Alors comment se recomposer, devenir, être, alors que tout autour de lui s'est effondré, comment faire de son état de patient à celui de victime, comprendre ce qui s’est joué ce soir là, ces cauchemars qui l'habitent ?. Ce soir où sa sœur a été retrouvé avec un couteau à la main et sa famille assassinée. Et quel rôle donner à Anne Kieffer, psychologue spécialisée sur les questions de criminologie et de victimologie ?
Timothé Le Boucher est l’auteur de « Ces jours qui disparaissent ». Une bande dessinée qui m'avait déjà pas mal secoué par son récit psychologique, sa paranoïa et d’amnésie surprenante, captivante. On le retrouve ici avec plus ou moins une intrigue identique : la quête de sens et la perte de la mémoire, la double personnalité. Mais là où on évoluait dans un futur imaginaire, « Le patient » nous entraine dans les chemins de la complexité de l’être, les méandres de la perversion et le machiavélisme, la multiplicité des identités. Fort, troublant, dérangeant.
Derrière les apparences d’un meurtre, d’une affaire de criminologie et de victimologie, Timothé Le Boucher nous dresse un portrait tout en noirceur de l’âme humaine. Aucun des personnages, apparaissant tout au long du récit, n’est épargné. Chaque intervenant recèle une partie cachée, noire, incalculable ou au contraire s’apparentant à un masque sous lequel il se réfugie. Vaste questionnement sur l’identité et ce que révèle notre cerveau. Addictif.
On retrouve son trait si caractéristique, son profil mi manga, mi ligne claire, les aplats et couleurs. Chaque personnage est étudié sous toutes ses facettes, entre tristesse, mélancolie et bonhomie. Qui cache qui, quoi ? On ne sait qui est neutre, victime, coupable, désirable ou non, manipulé ou pas. Et le dessin joue sous cette intrigue, rebondit de case en case pour nous faire perdre le fil même si on devine assez rapidement que le jeune agneau n’est peut–être pas si innocent que cela, que sous son regard perdu, réside un adulte qui devient, se protège, cherche, camoufle une vérité, son histoire.

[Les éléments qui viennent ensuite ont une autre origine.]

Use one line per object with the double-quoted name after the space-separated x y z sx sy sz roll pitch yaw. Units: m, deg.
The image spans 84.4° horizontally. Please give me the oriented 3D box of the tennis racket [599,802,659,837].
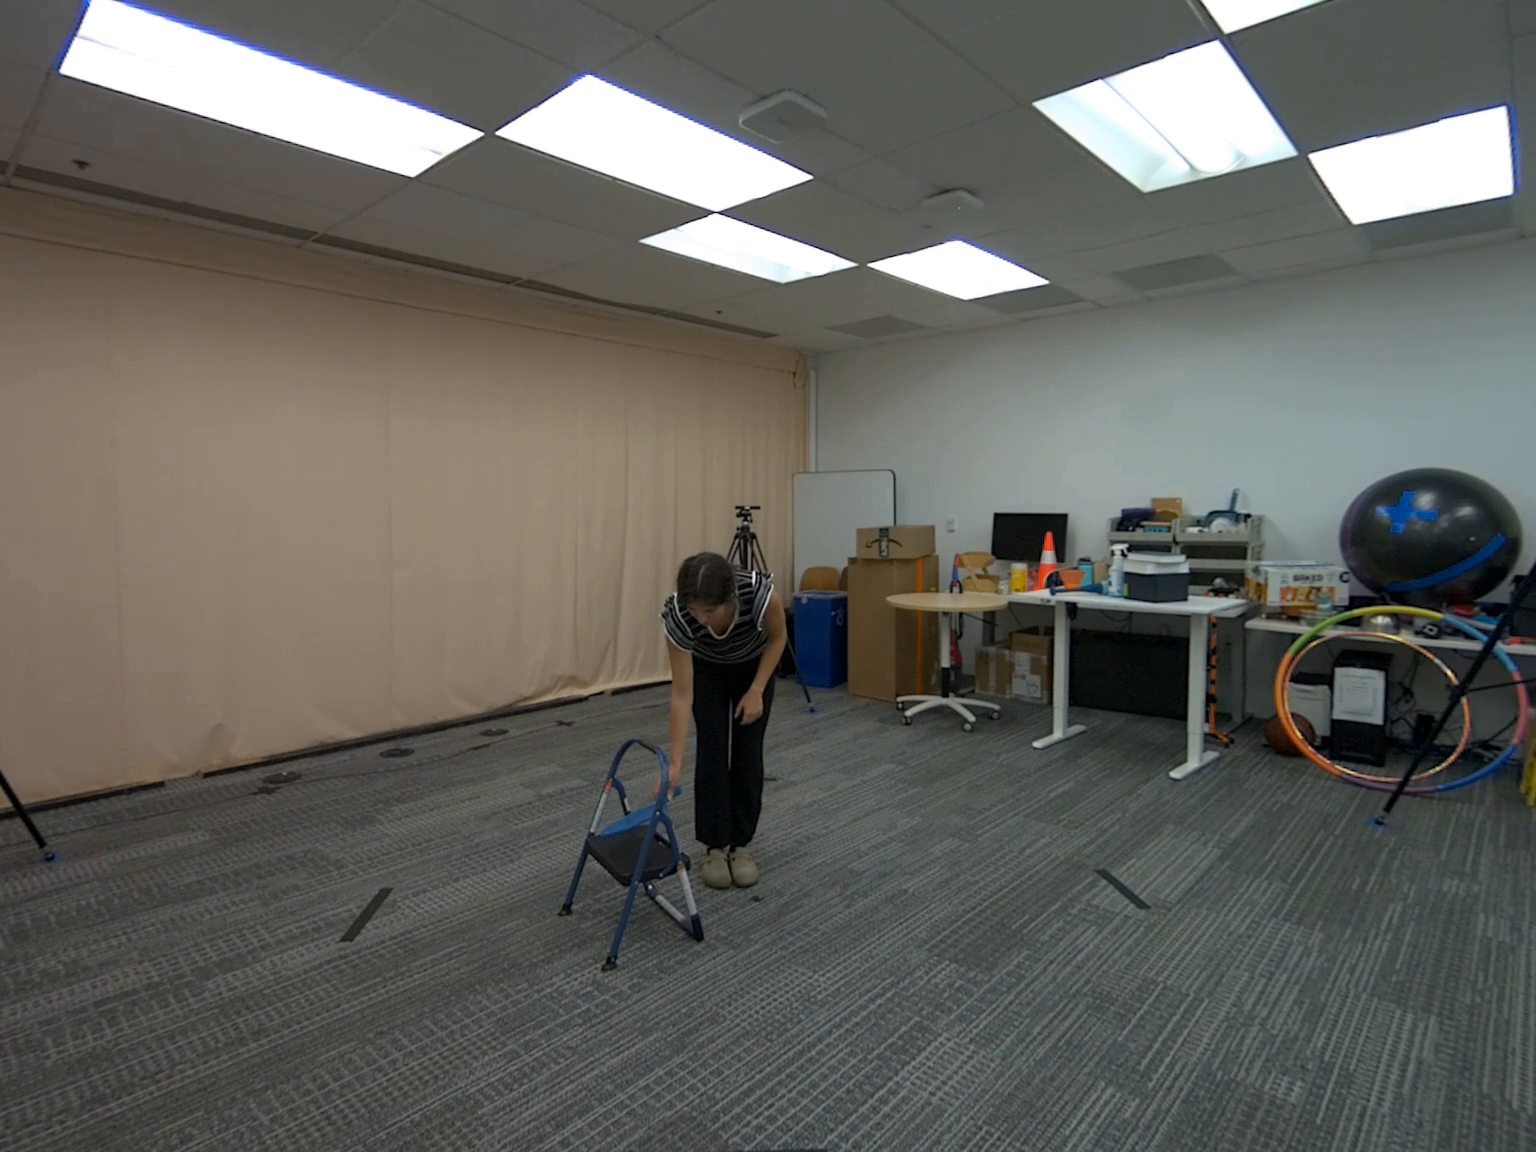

Timothé Le Boucher joue sur les codes, nous fait perdre notre identité, nous interroge sur notre face noire, ces masques que nous cachons, ou sous lesquels laissons planer un mystère, un trouble. Il parsème son récit d’étrange, d’ennui, d’une mélancolie poisseuse et qui télescope notre croyance, notre confort. Une forme de quête à ces fantômes, ces identités qui nous hantent et dont on tente de faire taire la parole et les actes. Avec ce quelque chose de démoniaque qui traine, ne nous laisse aucun répit et nous fait poser des questions sur nos doubles qui surgissent à l’improviste et nous transforment en acteur de notre propre vie, notre corps. Un démon.
« On fond on passe notre vie à fuir l’ennui. Alors on travaille, on s’invente des passions, des occupations. Tout ça n’est qu’un leurre qui dissimule notre vacuité. »
Les bulles de la semaine sont à retrouver chez Noukette
Je n'avais pas aimé son premier peinant à comprendre l'enthousiasme général. Je ne sais pas si je sauterai le pas avec ce titre-là.
Mais je le veux! Et puis, j'ai tellement aimé son premier que même sans savoir le sujet de ce deuxième, je le voulais déjà !
Il me le faut tu penses bien !
pas forcément très attirée par le graphisme, mais tu es très tentante!
j'avais beaucoup aimé Ces jours qui disparaissent, du coup je note !!